Dataset items:
»»
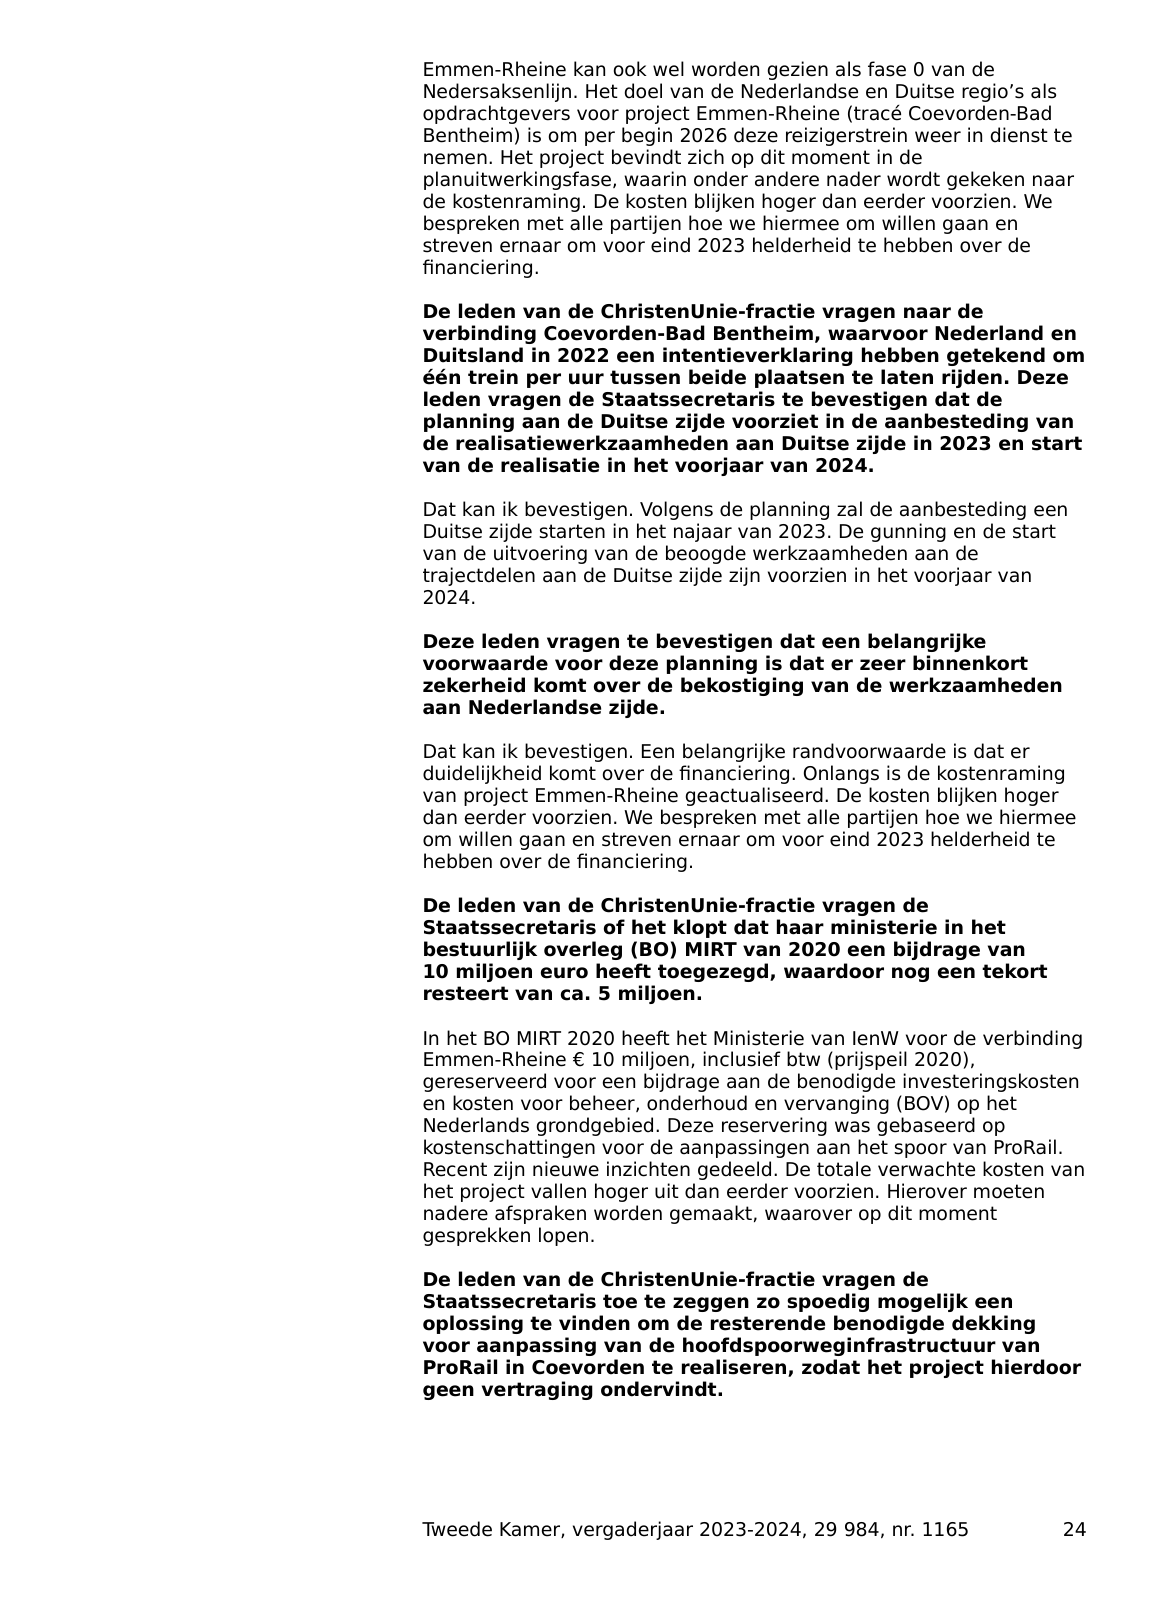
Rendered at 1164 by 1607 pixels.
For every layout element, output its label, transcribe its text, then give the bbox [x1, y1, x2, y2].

text Deze leden vragen te bevestigen dat een belangrijke voorwaarde voor deze planning is dat er zeer binnenkort zekerheid komt over de bekostiging van de werkzaamheden aan Nederlandse zijde. [422, 631, 1087, 719]
text De leden van de ChristenUnie-fractie vragen de Staatssecretaris of het klopt dat haar ministerie in het bestuurlijk overleg (BO) MIRT van 2020 een bijdrage van 10 miljoen euro heeft toegezegd, waardoor nog een tekort resteert van ca. 5 miljoen. [422, 895, 1087, 1005]
text Dat kan ik bevestigen. Een belangrijke randvoorwaarde is dat er duidelijkheid komt over de financiering. Onlangs is de kostenraming van project Emmen-Rheine geactualiseerd. De kosten blijken hoger dan eerder voorzien. We bespreken met alle partijen hoe we hiermee om willen gaan en streven ernaar om voor eind 2023 helderheid te hebben over de financiering. [422, 741, 1087, 873]
text Dat kan ik bevestigen. Volgens de planning zal de aanbesteding een Duitse zijde starten in het najaar van 2023. De gunning en de start van de uitvoering van de beoogde werkzaamheden aan de trajectdelen aan de Duitse zijde zijn voorzien in het voorjaar van 2024. [422, 499, 1087, 609]
text Emmen-Rheine kan ook wel worden gezien als fase 0 van de Nedersaksenlijn. Het doel van de Nederlandse en Duitse regio’s als opdrachtgevers voor project Emmen-Rheine (tracé Coevorden-Bad Bentheim) is om per begin 2026 deze reizigerstrein weer in dienst te nemen. Het project bevindt zich op dit moment in de planuitwerkingsfase, waarin onder andere nader wordt gekeken naar de kostenraming. De kosten blijken hoger dan eerder voorzien. We bespreken met alle partijen hoe we hiermee om willen gaan en streven ernaar om voor eind 2023 helderheid te hebben over de financiering. [422, 59, 1087, 279]
text In het BO MIRT 2020 heeft het Ministerie van IenW voor de verbinding Emmen-Rheine € 10 miljoen, inclusief btw (prijspeil 2020), gereserveerd voor een bijdrage aan de benodigde investeringskosten en kosten voor beheer, onderhoud en vervanging (BOV) op het Nederlands grondgebied. Deze reservering was gebaseerd op kostenschattingen voor de aanpassingen aan het spoor van ProRail. Recent zijn nieuwe inzichten gedeeld. De totale verwachte kosten van het project vallen hoger uit dan eerder voorzien. Hierover moeten nadere afspraken worden gemaakt, waarover op dit moment gesprekken lopen. [422, 1027, 1087, 1247]
text De leden van de ChristenUnie-fractie vragen naar de verbinding Coevorden-Bad Bentheim, waarvoor Nederland en Duitsland in 2022 een intentieverklaring hebben getekend om één trein per uur tussen beide plaatsen te laten rijden. Deze leden vragen de Staatssecretaris te bevestigen dat de planning aan de Duitse zijde voorziet in de aanbesteding van de realisatiewerkzaamheden aan Duitse zijde in 2023 en start van de realisatie in het voorjaar van 2024. [422, 301, 1087, 477]
text De leden van de ChristenUnie-fractie vragen de Staatssecretaris toe te zeggen zo spoedig mogelijk een oplossing te vinden om de resterende benodigde dekking voor aanpassing van de hoofdspoorweginfrastructuur van ProRail in Coevorden te realiseren, zodat het project hierdoor geen vertraging ondervindt. [422, 1269, 1087, 1401]
««
EXERCISE DETAILS :: Working from the data above, extract solely the lines from the one containing "For every layout" through the one containing "text Dat kan ik bevestigen. Volgens", exactly as they appear, both included.

RESULT OF THIS TASK ::
For every layout element, output its label, transcribe its text, then give the bbox [x1, y1, x2, y2].

text Deze leden vragen te bevestigen dat een belangrijke voorwaarde voor deze planning is dat er zeer binnenkort zekerheid komt over de bekostiging van de werkzaamheden aan Nederlandse zijde. [422, 631, 1087, 719]
text De leden van de ChristenUnie-fractie vragen de Staatssecretaris of het klopt dat haar ministerie in het bestuurlijk overleg (BO) MIRT van 2020 een bijdrage van 10 miljoen euro heeft toegezegd, waardoor nog een tekort resteert van ca. 5 miljoen. [422, 895, 1087, 1005]
text Dat kan ik bevestigen. Een belangrijke randvoorwaarde is dat er duidelijkheid komt over de financiering. Onlangs is de kostenraming van project Emmen-Rheine geactualiseerd. De kosten blijken hoger dan eerder voorzien. We bespreken met alle partijen hoe we hiermee om willen gaan en streven ernaar om voor eind 2023 helderheid te hebben over de financiering. [422, 741, 1087, 873]
text Dat kan ik bevestigen. Volgens de planning zal de aanbesteding een Duitse zijde starten in het najaar van 2023. De gunning en de start van de uitvoering van de beoogde werkzaamheden aan de trajectdelen aan de Duitse zijde zijn voorzien in het voorjaar van 2024. [422, 499, 1087, 609]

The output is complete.